3. The third step involves challenging your negative beliefs. Turn your page over and again, divide it in two. One by one, write out the negative beliefs that came up and deal with them using the 3 R’s:
* Refute them: be objective and try to find evidence that is counter to the belief. For example, if “I’m too lazy to lose weight” comes up, look for other goals in your life that you aren’t too lazy to achieve.
* Replace them: write out the opposite, positive statement. For example, “I don’t deserve to be thin” becomes “I, just like everyone else, deserve to be thin.”
* Run through them: by repeating the positive affirmation over and over, eventually your mind will get tired of protesting.
Do this exercise daily for 30 days and watch what happens. You might start noticing changes almost immediately, but to get the full effect, you must give it time and be consistent. This really does work, but if you find it difficult to get in touch with your limiting beliefs or uncover beliefs that are disturbing to you, you may want to consider reaching out to someone that can help.
* This exercise has been adapted from Lynne Grodzki’s “Building Your Ideal Private Practice.”

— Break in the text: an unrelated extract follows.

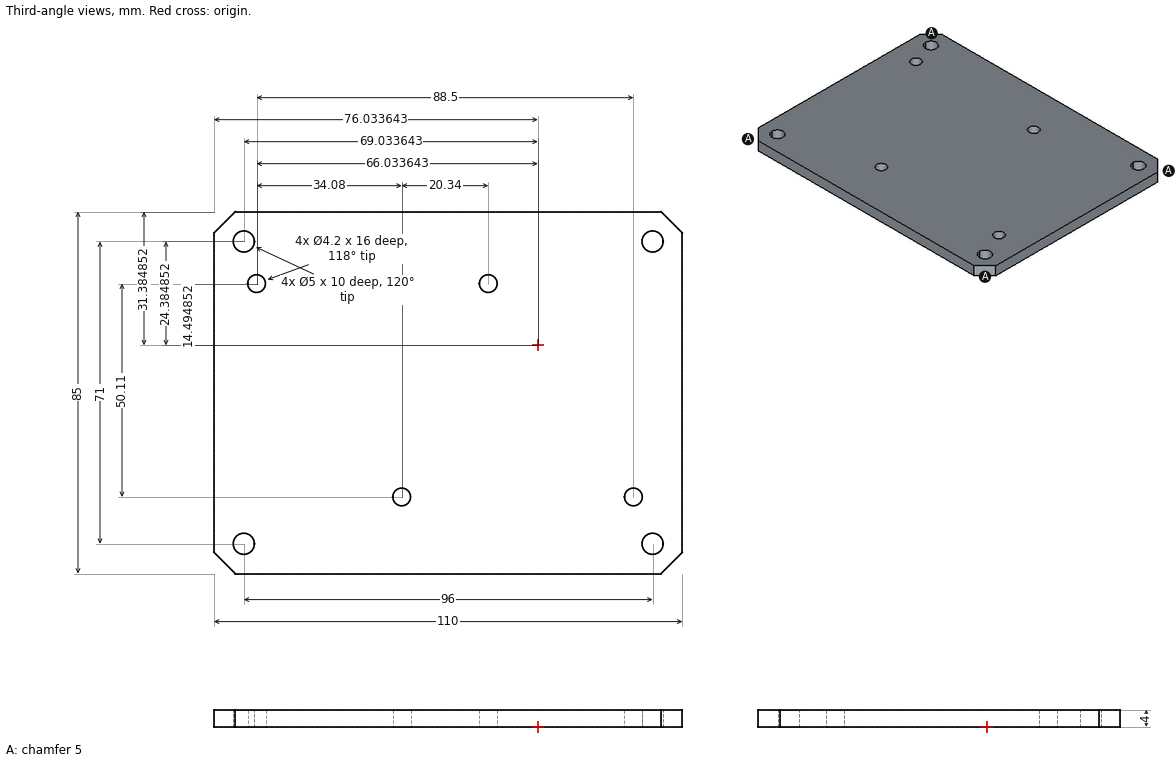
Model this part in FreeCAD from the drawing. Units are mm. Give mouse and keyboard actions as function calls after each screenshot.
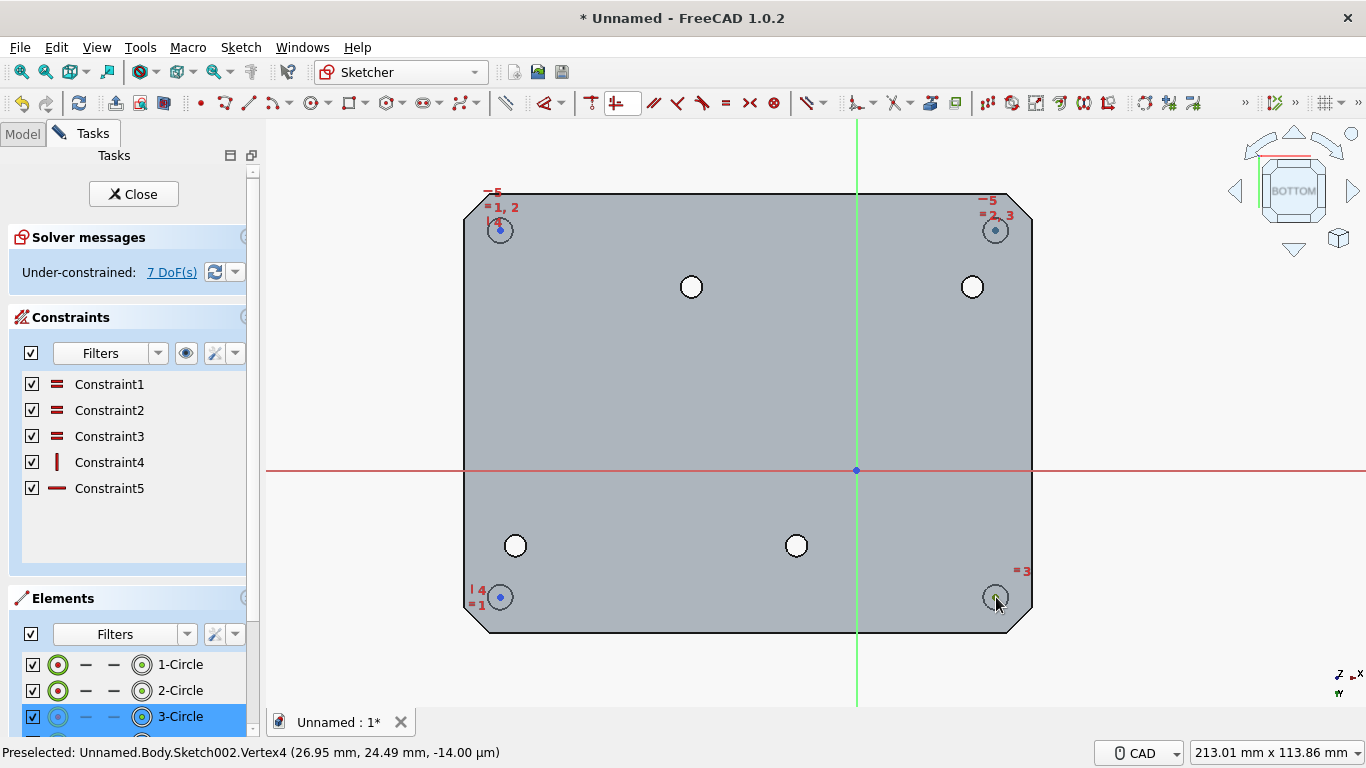
key(v)

If I lose the weight, I’ll be happy
I read a nice little post today by Oprah’s personal trainer, Bob Greene: http://www.oprah.com/omagazine/200708/omag_200708_worry_101.jhtml
In it, he describes the familiar pattern that a lot of people who struggle with their weight get sucked into: “If only I could lose X pounds, I’d be happier.” Think about whether you’ve ever had this thought, consciously or subconsciously. If so, does it help motivate you? Or does the fear of actually losing the weight and then not being happy hold you back? What can you do today to actually be happier, whether or not you actually lose the weight?